What a difference a year makes. This time in 2013, markets across the world were thrown into turmoil as rumours abounded that the US Fed would begin tapering its quantitative easing programme.
Fast forward 12 months, and the same markets have remained cheerful, even as the US' rate-setting Federal Open Market Committee prepares to make the statement which will draw its $15bn (£9.3bn) monthly bond-buying experiment to a close.
The FTSE 100 was up 0.55 per cent in mid-morning trading, while Germany's DAX rose 0.71 per cent and France's CAC 40 rose 0.19 per cent. In Asia, Japan's Nikkei closed 1.46 per cent up, while China's Hang Seng closed 1.27 per cent higher.
The difference, of course, is this time around the general conensus is a rise in interest rates – which last year was even more feared than tapering – is still some way off. Shaky recovery in US labour markets remains key to staving off a rate hike. Fed officials have pointed out that tightening policy further could threaten the jobs market, and lead to even lower inflation.

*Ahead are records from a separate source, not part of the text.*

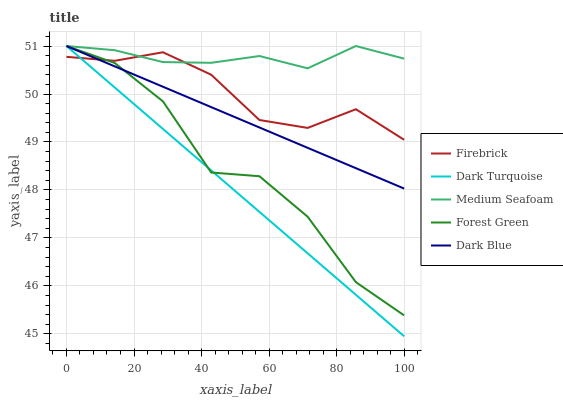Does Dark Turquoise have the minimum area under the curve?
Answer yes or no. Yes. Does Medium Seafoam have the maximum area under the curve?
Answer yes or no. Yes. Does Firebrick have the minimum area under the curve?
Answer yes or no. No. Does Firebrick have the maximum area under the curve?
Answer yes or no. No. Is Dark Turquoise the smoothest?
Answer yes or no. Yes. Is Forest Green the roughest?
Answer yes or no. Yes. Is Firebrick the smoothest?
Answer yes or no. No. Is Firebrick the roughest?
Answer yes or no. No. Does Dark Turquoise have the lowest value?
Answer yes or no. Yes. Does Firebrick have the lowest value?
Answer yes or no. No. Does Dark Blue have the highest value?
Answer yes or no. Yes. Does Firebrick have the highest value?
Answer yes or no. No. Does Forest Green intersect Dark Blue?
Answer yes or no. Yes. Is Forest Green less than Dark Blue?
Answer yes or no. No. Is Forest Green greater than Dark Blue?
Answer yes or no. No.

As long as that's the message, markets are likely to stay happy.
But what does a future without the Fed pumping liquidity into the market look like? When it comes to asset classes that can stand on their own two feet without such support, today's statement may kick off the process that sorts the wheat from the chaff.

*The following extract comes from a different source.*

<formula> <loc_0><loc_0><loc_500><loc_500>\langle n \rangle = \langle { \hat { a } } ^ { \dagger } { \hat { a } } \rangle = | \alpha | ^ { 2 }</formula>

Still, markets' calmness in the face of potential adversity is encouraging, say analysts. Here's IG chief market strategist Brenda Kelly:
You could be forgiven for thinking that the Fed is not about to end QE today. The reaction in markets has not exactly been what many predicted, with investors apparently sanguine about the prospect of life without regular bond purchases by the US central bank. It is the commitment to low interest rates that is maintaining calm, and expectations are for a dovish Fed decision that will assuage fears about a premature rate hike.